November 22 – John F. Kennedy assassination: In Dallas, Texas, United States President John F. Kennedy is shot to death, Texas Governor John B. Connally is seriously wounded, and Vice President Lyndon Baines Johnson becomes the 36th President. All television coverage for the next three days is devoted to the assassination, its aftermath, the procession of the horsedrawn casket to the Capitol Rotunda, and the funeral of President Kennedy. Stores and businesses shut down for the entire weekend and Monday, in tribute.

November 24 – Vietnam War: New U.S. President Lyndon B. Johnson confirms that the United States intends to continue supporting South Vietnam militarily and economically.

December 4 – The second period of Second Vatican Council closes.  Vatican II had been interrupted by the death of Pope John XXIII on June 3 and the subsequent election of Pope Paul VI on June 21.

December 19 – Zanzibar gains independence from Great Britain as a constitutional monarchy, under Sultan Jamshid bin Abdullah.

A month later, the bloody Zanzibar Revolution, in which thousands of Arabs and Indians were killed in a genocide and thousands more expelled, established the Republic of Zanzibar and Pemba.  That April, the republic merged with the mainland former colony of Tanganyika, or more accurately, was subsumed by the much larger entity. This United Republic of Tanganyika and Zanzibar was soon renamed as a portmanteau, the United Republic of Tanzania, of which Zanzibar remains a semi-autonomous region.

December 26 – I Want to Hold Your Hand and I Saw Her Standing There are released in the U.S., marking the beginning of full-scale Beatlemania.

3 comments

    • Robyn on December 28, 2008 at 21:00
      Author



    Peter, Paul, and Mary:  Puff the Magic Dragon

    The song was never about marijuana, though urban legend made much of that interpretation.

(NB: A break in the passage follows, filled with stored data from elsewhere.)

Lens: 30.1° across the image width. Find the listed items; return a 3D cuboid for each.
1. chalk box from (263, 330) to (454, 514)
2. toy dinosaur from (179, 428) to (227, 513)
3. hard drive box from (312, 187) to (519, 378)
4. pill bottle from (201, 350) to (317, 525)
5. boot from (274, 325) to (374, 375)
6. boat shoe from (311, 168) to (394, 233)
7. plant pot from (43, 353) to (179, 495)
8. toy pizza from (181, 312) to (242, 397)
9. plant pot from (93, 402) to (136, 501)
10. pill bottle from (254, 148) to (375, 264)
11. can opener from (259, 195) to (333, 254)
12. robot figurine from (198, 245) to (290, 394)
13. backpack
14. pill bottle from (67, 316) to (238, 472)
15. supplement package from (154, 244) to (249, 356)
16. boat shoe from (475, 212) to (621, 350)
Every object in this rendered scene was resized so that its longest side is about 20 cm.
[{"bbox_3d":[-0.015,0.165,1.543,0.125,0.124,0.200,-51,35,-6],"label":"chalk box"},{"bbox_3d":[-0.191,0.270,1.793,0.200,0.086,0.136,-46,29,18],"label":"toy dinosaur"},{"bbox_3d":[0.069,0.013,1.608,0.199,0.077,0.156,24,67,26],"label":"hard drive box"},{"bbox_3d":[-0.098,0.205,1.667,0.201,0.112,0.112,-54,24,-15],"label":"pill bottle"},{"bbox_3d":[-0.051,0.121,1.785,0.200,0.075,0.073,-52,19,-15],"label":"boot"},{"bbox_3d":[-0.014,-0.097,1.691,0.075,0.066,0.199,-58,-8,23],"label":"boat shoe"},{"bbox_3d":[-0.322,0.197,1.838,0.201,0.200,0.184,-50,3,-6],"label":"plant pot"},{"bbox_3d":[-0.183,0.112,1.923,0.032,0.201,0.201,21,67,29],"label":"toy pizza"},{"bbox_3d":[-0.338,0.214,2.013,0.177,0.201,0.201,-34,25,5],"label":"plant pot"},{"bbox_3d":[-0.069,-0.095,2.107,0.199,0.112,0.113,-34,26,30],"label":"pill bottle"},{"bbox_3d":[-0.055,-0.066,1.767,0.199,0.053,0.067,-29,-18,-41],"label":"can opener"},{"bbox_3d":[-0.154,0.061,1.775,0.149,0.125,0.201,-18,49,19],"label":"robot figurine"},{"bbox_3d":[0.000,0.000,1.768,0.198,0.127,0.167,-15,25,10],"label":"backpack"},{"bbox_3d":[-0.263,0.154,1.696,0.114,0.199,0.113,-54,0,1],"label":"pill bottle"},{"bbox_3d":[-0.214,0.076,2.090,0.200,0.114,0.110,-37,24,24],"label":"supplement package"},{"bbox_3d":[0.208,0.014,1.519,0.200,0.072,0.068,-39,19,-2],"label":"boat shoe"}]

    And there is absolutely no connection between my reviewing these years of civil rights strife and current equal rights efforts.

    Robyn

  1. December 26 – I Want to Hold Your Hand and I Saw Her Standing There are released in the U.S., marking the beginning of full-scale Beatlemania.

    That is the line of demarcation.

    I clearly recall the first time I heard I Want to Hold Your Hand. I’d read little articles in the New York Times in the previous months. When that song came on late at night (the transister under my pillow), unannounced, I knew it had to be that English group.

    Life was never the same after that.

    • Robyn on December 29, 2008 at 07:03
      Author

    …at least this was useful to me.